# Police Officer Craig Shaw



## kwflatbed (Dec 29, 2004)

Police Officer Craig Shaw



*Lancaster Police Department
Texas*
End of Watch: Sunday, June 20, 2010
Biographical Info
*Age:* 37
*Tour of Duty:* 5 years
*Badge Number:* Not available
Incident Details
*Cause of Death:* Gunfire
*Date of Incident:* Sunday, June 20, 2010
*Weapon Used:* Gun; Unknown type
*Suspect Info:* Shot and killed
Officer Craig Shaw was shot and killed after responding to a shooting call at a local apartment complex. After arriving at the scene and he and other officers began searching for the suspect.

As the officers approached the man he suddenly turned and opened fire, fatally wounding Officer Shaw. Another officer returned fire and killed the suspect.

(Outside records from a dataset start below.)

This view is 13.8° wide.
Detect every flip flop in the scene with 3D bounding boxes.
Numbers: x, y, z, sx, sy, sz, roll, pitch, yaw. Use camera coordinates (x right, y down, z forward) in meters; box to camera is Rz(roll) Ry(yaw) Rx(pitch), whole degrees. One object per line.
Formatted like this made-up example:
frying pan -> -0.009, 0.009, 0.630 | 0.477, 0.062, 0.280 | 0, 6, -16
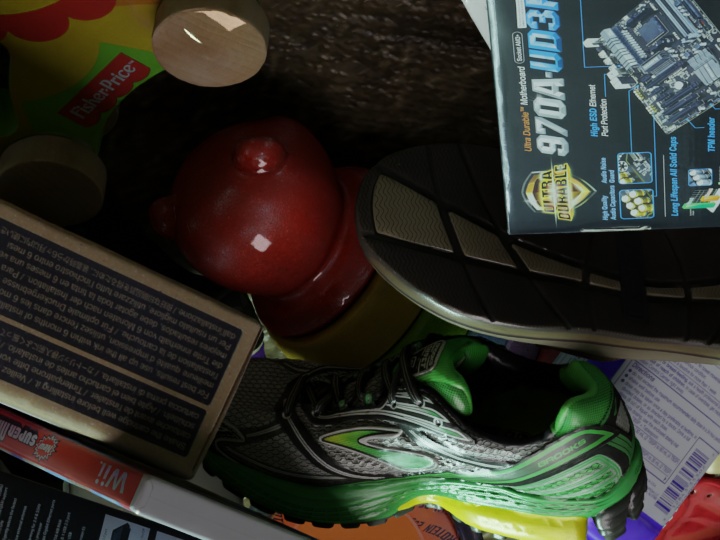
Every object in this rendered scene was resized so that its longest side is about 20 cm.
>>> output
flip flop -> 0.088, 0.003, 1.225 | 0.199, 0.081, 0.058 | 11, 154, -21

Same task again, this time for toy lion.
toy lion -> -0.143, -0.118, 1.172 | 0.191, 0.069, 0.200 | 26, 139, -24

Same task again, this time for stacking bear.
stacking bear -> 0.000, 0.000, 1.312 | 0.121, 0.114, 0.200 | -29, 133, 36

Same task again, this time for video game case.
video game case -> -0.102, 0.086, 1.247 | 0.143, 0.017, 0.200 | 27, 174, -43

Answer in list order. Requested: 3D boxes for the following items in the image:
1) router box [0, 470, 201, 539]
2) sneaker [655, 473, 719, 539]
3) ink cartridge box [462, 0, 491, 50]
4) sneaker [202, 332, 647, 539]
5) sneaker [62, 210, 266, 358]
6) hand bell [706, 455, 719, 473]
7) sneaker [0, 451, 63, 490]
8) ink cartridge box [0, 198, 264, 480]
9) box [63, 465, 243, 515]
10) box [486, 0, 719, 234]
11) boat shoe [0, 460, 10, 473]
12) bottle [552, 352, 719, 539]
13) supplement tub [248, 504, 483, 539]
router box -> -0.168, 0.146, 1.275 | 0.157, 0.052, 0.200 | 20, 151, -12
sneaker -> 0.209, 0.109, 1.482 | 0.199, 0.079, 0.116 | -11, 163, 14
ink cartridge box -> 0.127, -0.090, 1.205 | 0.116, 0.068, 0.200 | -13, 145, 18
sneaker -> 0.019, 0.055, 1.229 | 0.199, 0.078, 0.085 | 3, 134, 15
sneaker -> -0.136, 0.016, 1.373 | 0.199, 0.070, 0.100 | 6, 121, 17
hand bell -> 0.127, 0.072, 1.401 | 0.199, 0.104, 0.104 | -6, 147, -3
sneaker -> -0.215, 0.099, 1.405 | 0.091, 0.076, 0.200 | 11, 178, -41
ink cartridge box -> -0.163, 0.007, 1.214 | 0.165, 0.075, 0.200 | 27, 174, -35
box -> -0.174, 0.156, 1.540 | 0.200, 0.109, 0.128 | -26, 139, 34
box -> 0.127, -0.093, 1.099 | 0.158, 0.046, 0.200 | -3, 142, 6
boat shoe -> -0.235, 0.056, 1.332 | 0.075, 0.200, 0.062 | -42, 161, -4
bottle -> 0.145, 0.028, 1.296 | 0.083, 0.065, 0.200 | 37, 90, -29
supplement tub -> 0.000, 0.147, 1.454 | 0.122, 0.123, 0.200 | -1, 175, 0
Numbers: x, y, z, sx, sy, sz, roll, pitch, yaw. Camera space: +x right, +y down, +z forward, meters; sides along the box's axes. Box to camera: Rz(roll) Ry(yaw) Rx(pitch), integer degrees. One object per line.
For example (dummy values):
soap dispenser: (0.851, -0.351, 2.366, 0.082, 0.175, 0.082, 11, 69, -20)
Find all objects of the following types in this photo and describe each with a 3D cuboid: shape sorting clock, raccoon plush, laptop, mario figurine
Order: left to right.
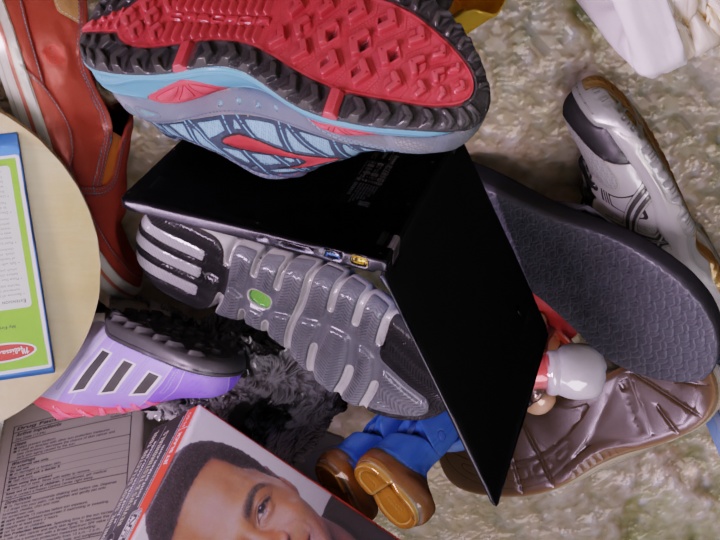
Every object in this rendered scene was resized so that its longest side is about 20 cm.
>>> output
shape sorting clock: (-0.237, 0.000, 0.758, 0.200, 0.039, 0.200, -4, 108, -11)
raccoon plush: (-0.067, 0.059, 0.915, 0.200, 0.134, 0.097, -4, 115, -43)
laptop: (0.000, 0.000, 0.755, 0.200, 0.187, 0.116, 14, 117, 9)
mario figurine: (0.073, 0.086, 0.873, 0.200, 0.123, 0.106, -42, 144, -30)

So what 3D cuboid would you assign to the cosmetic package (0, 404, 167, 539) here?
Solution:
cosmetic package: (-0.167, 0.170, 0.888, 0.103, 0.200, 0.087, -13, 126, 5)

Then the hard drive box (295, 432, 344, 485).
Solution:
hard drive box: (-0.080, 0.218, 0.958, 0.077, 0.156, 0.200, 22, 119, -20)

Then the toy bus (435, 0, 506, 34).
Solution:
toy bus: (-0.051, -0.174, 0.719, 0.200, 0.136, 0.192, 39, 129, -26)

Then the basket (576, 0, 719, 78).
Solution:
basket: (0.132, -0.203, 0.668, 0.123, 0.200, 0.136, -27, 124, 5)

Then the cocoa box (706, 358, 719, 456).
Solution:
cocoa box: (0.307, 0.102, 0.893, 0.131, 0.200, 0.133, 0, 124, -6)

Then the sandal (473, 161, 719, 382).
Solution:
sandal: (0.124, -0.010, 0.837, 0.200, 0.043, 0.076, 34, 132, 20)

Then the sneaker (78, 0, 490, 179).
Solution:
sneaker: (-0.027, -0.085, 0.675, 0.200, 0.079, 0.096, 14, 155, 26)

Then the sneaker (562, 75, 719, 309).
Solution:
sneaker: (0.156, -0.021, 0.867, 0.088, 0.076, 0.200, -25, 121, 15)

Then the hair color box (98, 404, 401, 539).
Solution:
hair color box: (-0.042, 0.173, 0.803, 0.200, 0.102, 0.061, 36, 145, -17)

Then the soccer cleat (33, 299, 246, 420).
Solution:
soccer cleat: (-0.144, 0.056, 0.828, 0.068, 0.200, 0.073, 5, 94, -53)

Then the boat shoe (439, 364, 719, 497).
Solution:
boat shoe: (0.145, 0.100, 0.950, 0.200, 0.072, 0.065, -22, 166, 28)

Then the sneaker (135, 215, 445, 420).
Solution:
sneaker: (-0.017, -0.003, 0.828, 0.200, 0.116, 0.075, 30, 129, 7)

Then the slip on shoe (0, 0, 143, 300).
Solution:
slip on shoe: (-0.151, -0.066, 0.807, 0.061, 0.074, 0.200, -21, 125, -10)

Officer Shaw had served with the Lancaster Police Department for five years. He is survived by his wife and two children.
Agency Contact Information
Lancaster Police Department
1501 North Dallas Avenue
Lancaster, TX 75134

Phone: (972) 218-2711

_*Please contact the Lancaster Police Department for funeral arrangements or for survivor benefit fund information.*_


----------



## DEI8 (Jan 20, 2006)

Rest in Peace Officer Shaw, thoughts and prayers to his family.


----------



## TRPDiesel (Nov 28, 2008)

Rest in Peace Officer Shaw


----------



## mr.anttrax (May 24, 2006)

RIP Officer Shaw.


----------



## 7MPOC (Mar 16, 2004)

Rest in Peace Brother


----------



## SPINMASS (Jan 30, 2004)

RIP Officer


----------



## Mass (Jan 21, 2006)

Rip Officer.


----------



## trueblue (Jan 21, 2008)

RIP


----------